— А возмездие? — хищно прищурился демон. — Если бы кто-то заявился неизвестно откуда и прогнал твой народ с исконных земель, да еще и перебил половину при этом, а потом сказал «Давай жить мирно», ты бы согласился?

— А экономика? Без новых шахт и месторождений страна погибнет так же наверняка, как если бы эти твари разнесли ее по камушку! И, если уж он завел об этом речь, — враждебно дернул разбитой головой в сторону набычившегося демона Вяз, — то разве сотни и, может быть, тысячи моих соплеменников, погибших от их лап, не должны быть отмщены тоже?!

— Нет, — негромко, но твердо сказал Иван, словно отрезал, и спорщики удивленно замолчали. — Не должны. Если вы не хотите, чтобы через месяц-другой последний горный демон и полтора атлана решали между собой молотами и кулаками, кто из их народов пострадал больше.

— Что ты имеешь в виду? — раздраженно пророкотал демон.

Лукоморец тряхнул головой, воздел ладони к небу и обвел противников отчаянным взглядом, в котором ничего не осталось от той стальной решимости, с которой несколько секунд назад он развел дерущиеся стороны по углам. Словно пытаясь облечь свои мысли в самые нужные, самые правильные слова, которые смогли бы дойти и до самой погрязшей в обиде и ненависти души — и не находя их, Иванушка взмахнул руками — или махнул на собственное бессилие, заранее признанное, но не победившее, и снова заговорил. Он изъяснялся неуверенно, неуклюже, с расстановкой, иногда натужно и мучительно подбирая слова, то и дело сбиваясь, внутренне вздрагивая и отшатываясь от мелькнувшего ненавистного ему призрака пафоса и фальши — но не замолкая. Не сдаваясь.

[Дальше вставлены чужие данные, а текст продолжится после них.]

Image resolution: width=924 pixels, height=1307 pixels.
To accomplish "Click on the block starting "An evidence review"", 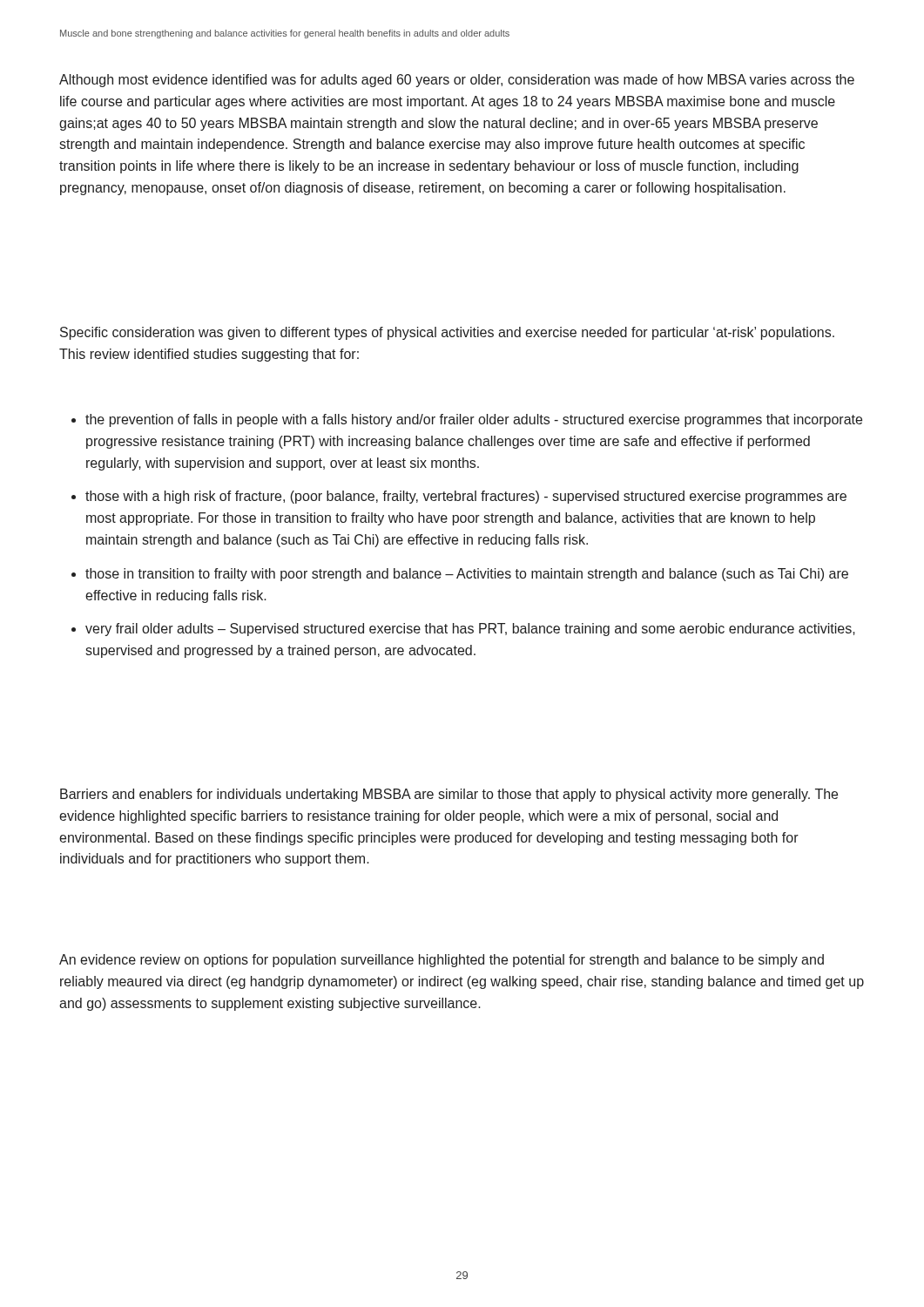I will point(462,982).
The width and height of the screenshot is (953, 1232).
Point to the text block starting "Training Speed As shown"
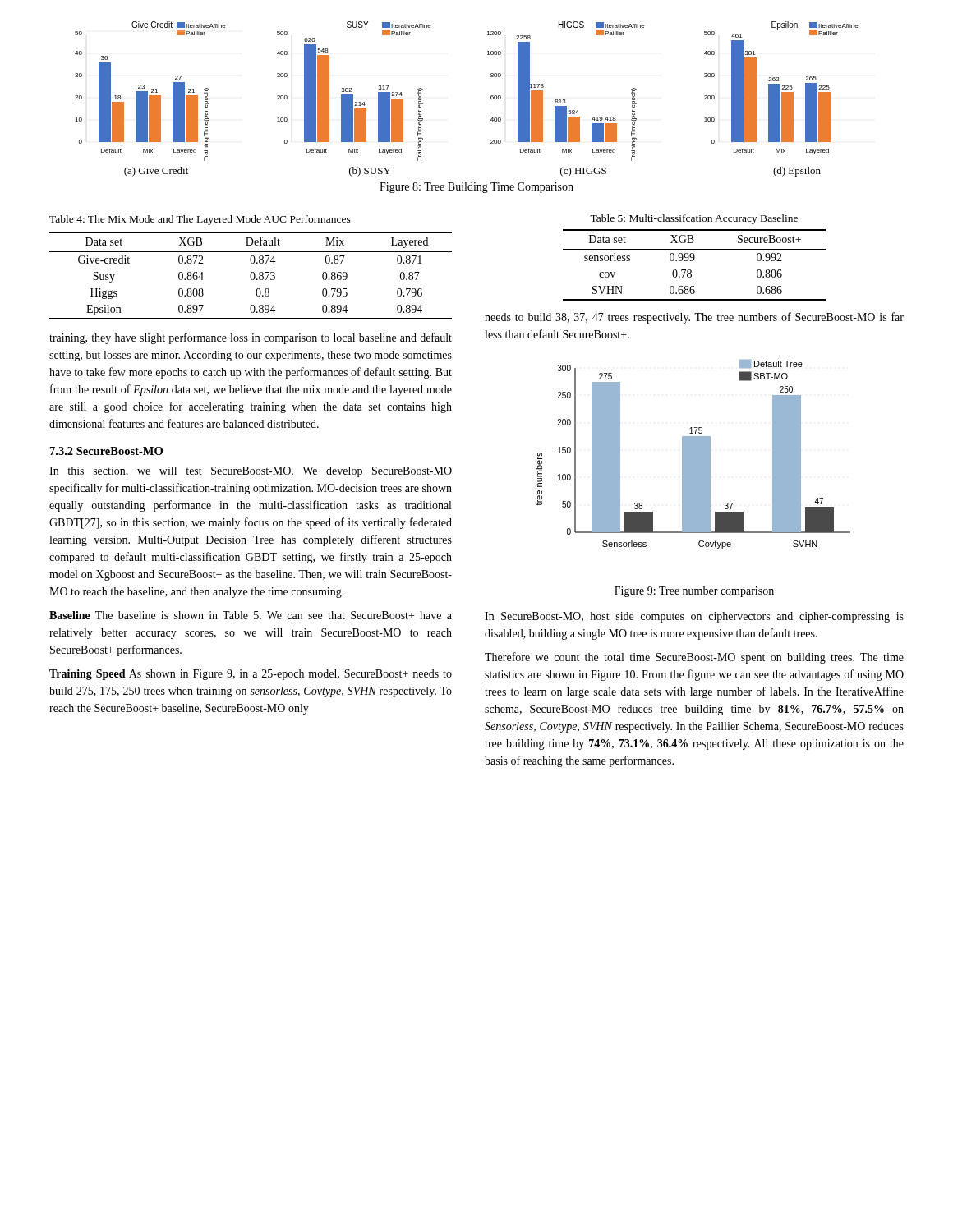click(x=251, y=691)
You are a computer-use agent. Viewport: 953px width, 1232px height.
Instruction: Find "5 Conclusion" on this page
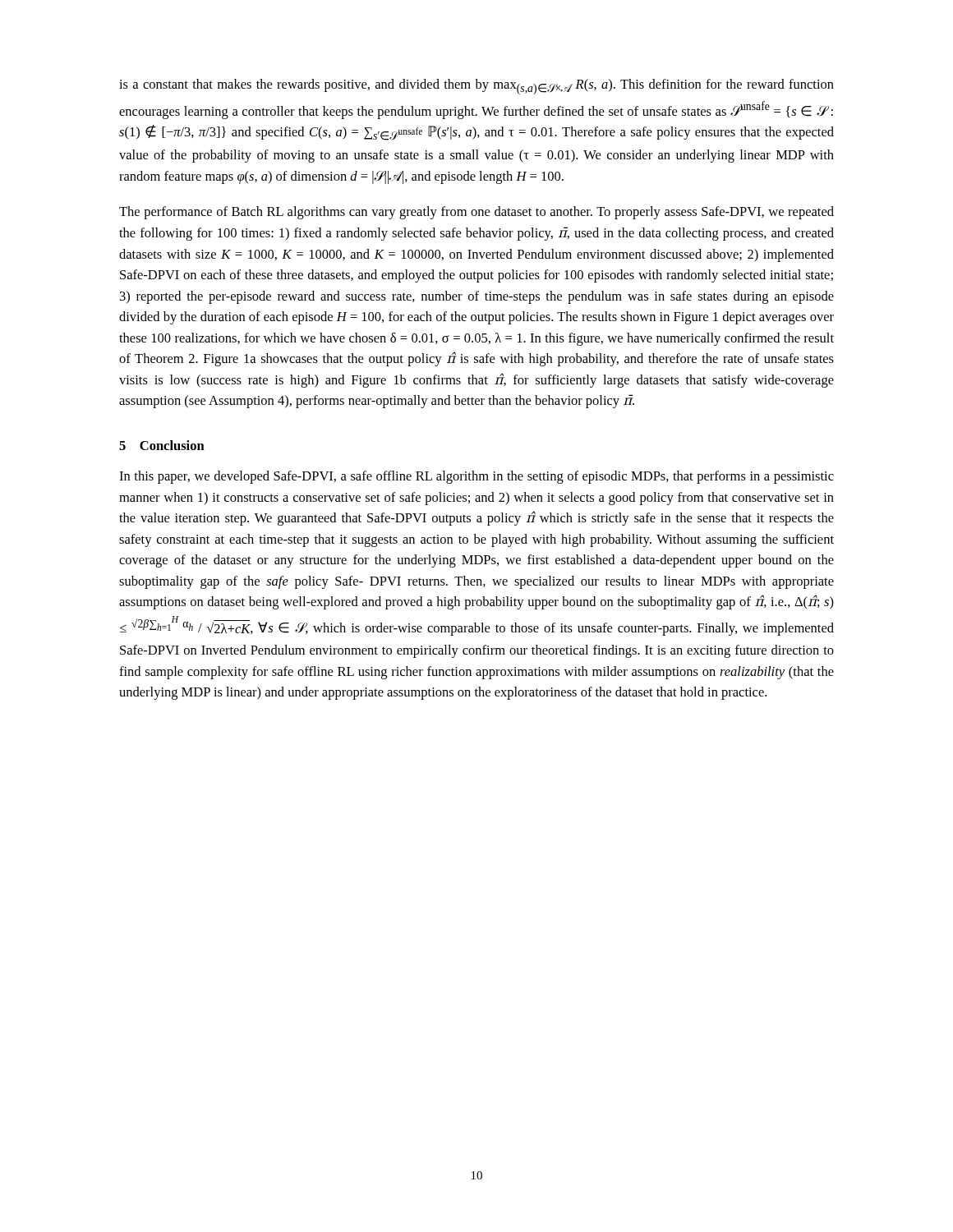coord(162,446)
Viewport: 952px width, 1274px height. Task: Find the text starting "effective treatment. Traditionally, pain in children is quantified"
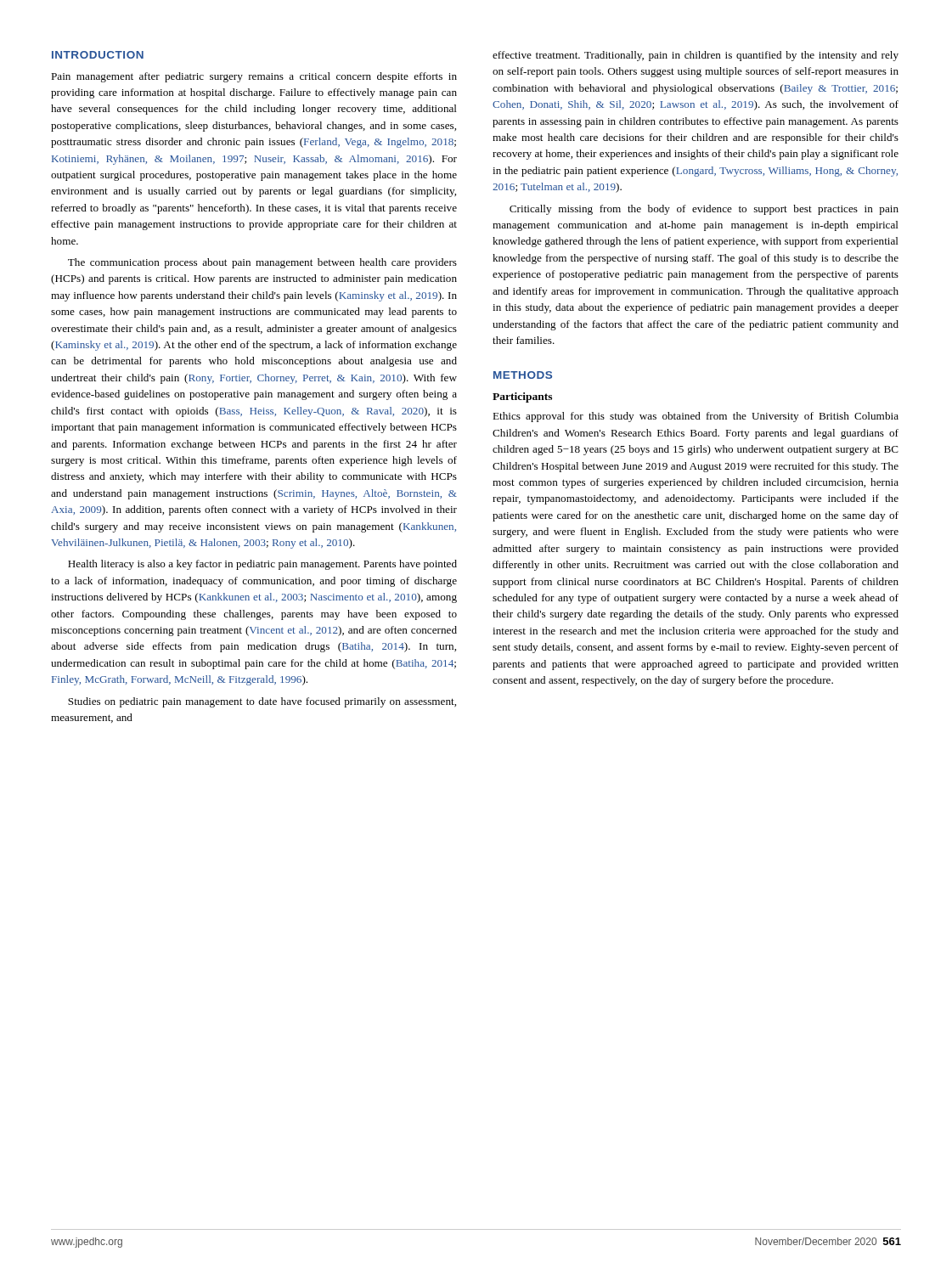point(696,198)

— Понимаете, Конро, Вяз… месть и ненависть — это дорога кольцом. Стоит только ступить на нее — и конца ей не будет, потому что ненависть прекращает существовать только вместе со своим хозяином… Чем дальше — тем больше крови и жизней. И опять — тем больше причин мстить!.. И так — до бесконечности. Вечно. Кругами… Понимаешь, Конро, погибнет Атланик-сити — придут другие атланы. Вяз, вы же тоже сознаете, что если поляжет горный народ, спустившийся сейчас в долину, то нагрянет новый! И никто из вас никогда не отступит, пока не останется только один из народов… Или никого.

— Мы победим! — ожег лукоморца непримиримым взглядом атлан.

— Но какой ценой?! И разве стоит обескровленная, разрушенная страна нескольких новых шахт, на которых некому будет работать?!

— Бахвалы! С новыми камнями шептал, им не выстоять теперь против нас! — свирепо прорычал Конро.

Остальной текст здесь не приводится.